Blackberry Cobbler Recipe - Cooking Index
4 cups | 948ml | Blackberries |
3/4 cup | 148g / 5.2oz | Sugar - plus |
2 tablespoons | 30ml | Sugar - divided |
1 1/2 cups | 93g / 3.3oz | Flour |
2 teaspoons | 10ml | Baking powder |
1/3 cup | 65g / 2.3oz | Butter - diced |
1 cup | 237ml | Half-and-half |
Heat the oven to 425 degrees.
Place the blackberries in a deep-dish pie plate (at least 3 inches deep). A deep pie dish will prevent the berry juices from overflowing in the oven. Sprinkle the berries with 1/2 cup of the sugar.

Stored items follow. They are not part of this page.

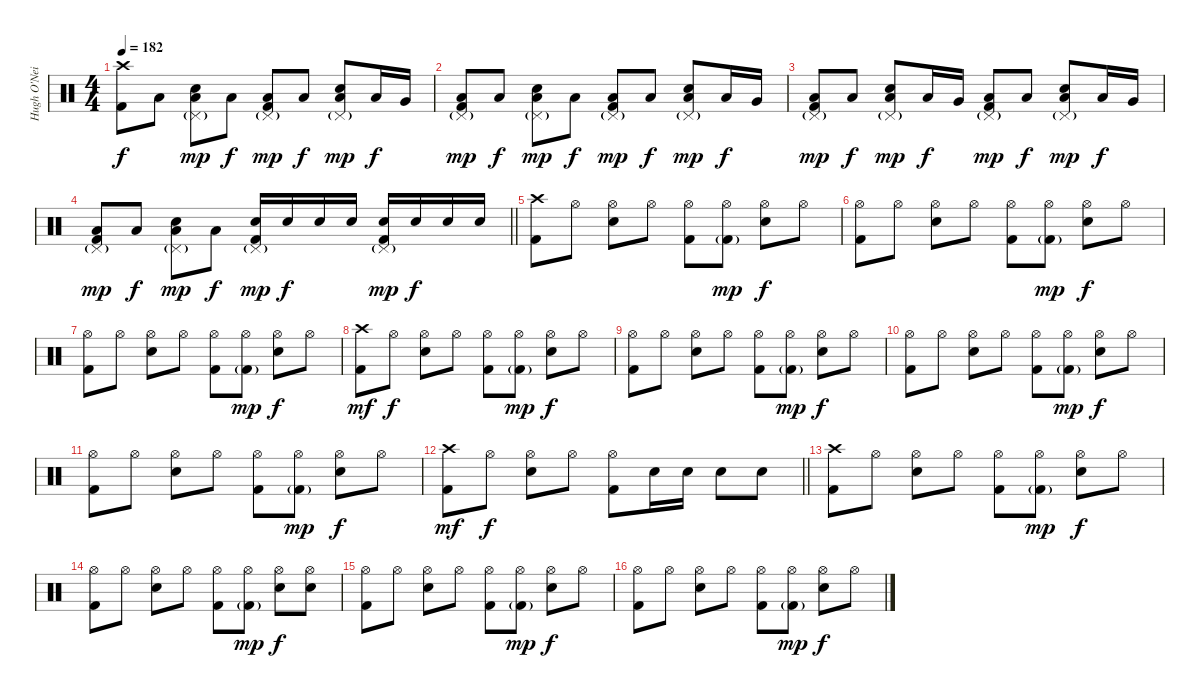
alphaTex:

\track ("Hugh O'Neil" "Hugh O'Nei") {instrument percussion}
\staff {score}
\articulation defaults
\ts (4 4)
\section ("" "")
\tempo 182
\clef neutral
\ks c
("Crash high (hit)" "Kick (hit) 2").8{dy f} "Low Floor Tom (hit)".8 ("Pedal Hi-Hat (hit)"{g} "Electric Snare (hit)" "Low Floor Tom (hit)").8{dy mp} "Low Floor Tom (hit)".8{dy f} ("Pedal Hi-Hat (hit)"{g} "Low Floor Tom (hit)" "Kick (hit) 2").8{dy mp} "Low Floor Tom (hit)".8{dy f} ("Pedal Hi-Hat (hit)"{g} "Electric Snare (hit)" "Low Floor Tom (hit)").8{dy mp} "Low Floor Tom (hit)".16{dy f} "Very Low Tom (hit)".16 |
("Pedal Hi-Hat (hit)"{g} "Low Floor Tom (hit)" "Kick (hit) 2").8{dy mp} "Low Floor Tom (hit)".8{dy f} ("Pedal Hi-Hat (hit)"{g} "Electric Snare (hit)" "Low Floor Tom (hit)").8{dy mp} "Low Floor Tom (hit)".8{dy f} ("Pedal Hi-Hat (hit)"{g} "Low Floor Tom (hit)" "Kick (hit) 2").8{dy mp} "Low Floor Tom (hit)".8{dy f} ("Pedal Hi-Hat (hit)"{g} "Electric Snare (hit)" "Low Floor Tom (hit)").8{dy mp} "Low Floor Tom (hit)".16{dy f} "Very Low Tom (hit)".16 |
("Pedal Hi-Hat (hit)"{g} "Low Floor Tom (hit)" "Kick (hit) 2").8{dy mp} "Low Floor Tom (hit)".8{dy f} ("Pedal Hi-Hat (hit)"{g} "Electric Snare (hit)" "Low Floor Tom (hit)").8{dy mp} "Low Floor Tom (hit)".16{dy f} "Very Low Tom (hit)".16 ("Pedal Hi-Hat (hit)"{g} "Low Floor Tom (hit)" "Kick (hit) 2").8{dy mp} "Low Floor Tom (hit)".8{dy f} ("Pedal Hi-Hat (hit)"{g} "Electric Snare (hit)" "Low Floor Tom (hit)").8{dy mp} "Low Floor Tom (hit)".16{dy f} "Very Low Tom (hit)".16 |
\barLineRight lightlight
("Pedal Hi-Hat (hit)"{g} "Low Floor Tom (hit)" "Kick (hit) 2").8{dy mp} "Low Floor Tom (hit)".8{dy f} ("Pedal Hi-Hat (hit)"{g} "Electric Snare (hit)" "Low Floor Tom (hit)").8{dy mp} "Low Floor Tom (hit)".8{dy f} ("Pedal Hi-Hat (hit)"{g} "Electric Snare (hit)" "Kick (hit) 2").16{dy mp} "Electric Snare (hit)".16{dy f} "Electric Snare (hit)".16 "Electric Snare (hit)".16 ("Pedal Hi-Hat (hit)"{g} "Electric Snare (hit)" "Kick (hit) 2").16{dy mp} "Electric Snare (hit)".16{dy f} "Electric Snare (hit)".16 "Electric Snare (hit)".16 |
\section ("" "")
("Crash high (hit)" "Kick (hit) 2").8 "Hi-Hat (open)".8 ("Hi-Hat (open)" "Electric Snare (hit)").8 "Hi-Hat (open)".8 ("Hi-Hat (open)" "Kick (hit) 2").8 ("Hi-Hat (open)" "Kick (hit) 2"{g}).8{dy mp} ("Hi-Hat (open)" "Electric Snare (hit)").8{dy f} "Hi-Hat (open)".8 |
("Hi-Hat (open)" "Kick (hit) 2").8 "Hi-Hat (open)".8 ("Hi-Hat (open)" "Electric Snare (hit)").8 "Hi-Hat (open)".8 ("Hi-Hat (open)" "Kick (hit) 2").8 ("Hi-Hat (open)" "Kick (hit) 2"{g}).8{dy mp} ("Hi-Hat (open)" "Electric Snare (hit)").8{dy f} "Hi-Hat (open)".8 |
("Hi-Hat (open)" "Kick (hit) 2").8 "Hi-Hat (open)".8 ("Hi-Hat (open)" "Electric Snare (hit)").8 "Hi-Hat (open)".8 ("Hi-Hat (open)" "Kick (hit) 2").8 ("Hi-Hat (open)" "Kick (hit) 2"{g}).8{dy mp} ("Hi-Hat (open)" "Electric Snare (hit)").8{dy f} "Hi-Hat (open)".8 |
("Crash high (hit)" "Kick (hit) 2").8{dy mf} "Hi-Hat (open)".8{dy f} ("Hi-Hat (open)" "Electric Snare (hit)").8 "Hi-Hat (open)".8 ("Hi-Hat (open)" "Kick (hit) 2").8 ("Hi-Hat (open)" "Kick (hit) 2"{g}).8{dy mp} ("Hi-Hat (open)" "Electric Snare (hit)").8{dy f} "Hi-Hat (open)".8 |
("Hi-Hat (open)" "Kick (hit) 2").8 "Hi-Hat (open)".8 ("Hi-Hat (open)" "Electric Snare (hit)").8 "Hi-Hat (open)".8 ("Hi-Hat (open)" "Kick (hit) 2").8 ("Hi-Hat (open)" "Kick (hit) 2"{g}).8{dy mp} ("Hi-Hat (open)" "Electric Snare (hit)").8{dy f} "Hi-Hat (open)".8 |
("Hi-Hat (open)" "Kick (hit) 2").8 "Hi-Hat (open)".8 ("Hi-Hat (open)" "Electric Snare (hit)").8 "Hi-Hat (open)".8 ("Hi-Hat (open)" "Kick (hit) 2").8 ("Hi-Hat (open)" "Kick (hit) 2"{g}).8{dy mp} ("Hi-Hat (open)" "Electric Snare (hit)").8{dy f} "Hi-Hat (open)".8 |
("Hi-Hat (open)" "Kick (hit) 2").8 "Hi-Hat (open)".8 ("Hi-Hat (open)" "Electric Snare (hit)").8 "Hi-Hat (open)".8 ("Hi-Hat (open)" "Kick (hit) 2").8 ("Hi-Hat (open)" "Kick (hit) 2"{g}).8{dy mp} ("Hi-Hat (open)" "Electric Snare (hit)").8{dy f} "Hi-Hat (open)".8 |
\barLineRight lightlight
("Crash high (hit)" "Kick (hit) 2").8{dy mf} "Hi-Hat (open)".8{dy f} ("Hi-Hat (open)" "Electric Snare (hit)").8 "Hi-Hat (open)".8 ("Hi-Hat (open)" "Kick (hit) 2").8 "Electric Snare (hit)".16 "Electric Snare (hit)".16 "Electric Snare (hit)".8 "Electric Snare (hit)".8 |
\section ("" "")
("Crash high (hit)" "Kick (hit) 2").8 "Hi-Hat (open)".8 ("Hi-Hat (open)" "Electric Snare (hit)").8 "Hi-Hat (open)".8 ("Hi-Hat (open)" "Kick (hit) 2").8 ("Hi-Hat (open)" "Kick (hit) 2"{g}).8{dy mp} ("Hi-Hat (open)" "Electric Snare (hit)").8{dy f} "Hi-Hat (open)".8 |
("Hi-Hat (open)" "Kick (hit) 2").8 "Hi-Hat (open)".8 ("Hi-Hat (open)" "Electric Snare (hit)").8 "Hi-Hat (open)".8 ("Hi-Hat (open)" "Kick (hit) 2").8 ("Hi-Hat (open)" "Kick (hit) 2"{g}).8{dy mp} ("Hi-Hat (open)" "Electric Snare (hit)").8{dy f} ("Hi-Hat (open)" "Electric Snare (hit)").8 |
("Hi-Hat (open)" "Kick (hit) 2").8 "Hi-Hat (open)".8 ("Hi-Hat (open)" "Electric Snare (hit)").8 "Hi-Hat (open)".8 ("Hi-Hat (open)" "Kick (hit) 2").8 ("Hi-Hat (open)" "Kick (hit) 2"{g}).8{dy mp} ("Hi-Hat (open)" "Electric Snare (hit)").8{dy f} "Hi-Hat (open)".8 |
("Hi-Hat (open)" "Kick (hit) 2").8 "Hi-Hat (open)".8 ("Hi-Hat (open)" "Electric Snare (hit)").8 "Hi-Hat (open)".8 ("Hi-Hat (open)" "Kick (hit) 2").8 ("Hi-Hat (open)" "Kick (hit) 2"{g}).8{dy mp} ("Hi-Hat (open)" "Electric Snare (hit)").8{dy f} "Hi-Hat (open)".8

Combine the flour, baking powder and 1/4 cup of the sugar in a bowl. With your fingertips, blend in the butter completely. Stir in the half-and-half, being careful not to over-mix. Spoon the topping over the berries, not quite covering completely. Sprinkle with the remaining 2 tablespoons of sugar.
Bake until golden brown on top, 30 minutes. Cool the cobbler on a wire rack.
This recipe yields 4 to 6 servings.
Each of 6 servings: 419 calories; 272 mg sodium; 42 mg cholesterol; 15 grams fat; 9 grams saturated fat; 67 grams carbohydrates; 5 grams protein; 6.13 grams fiber.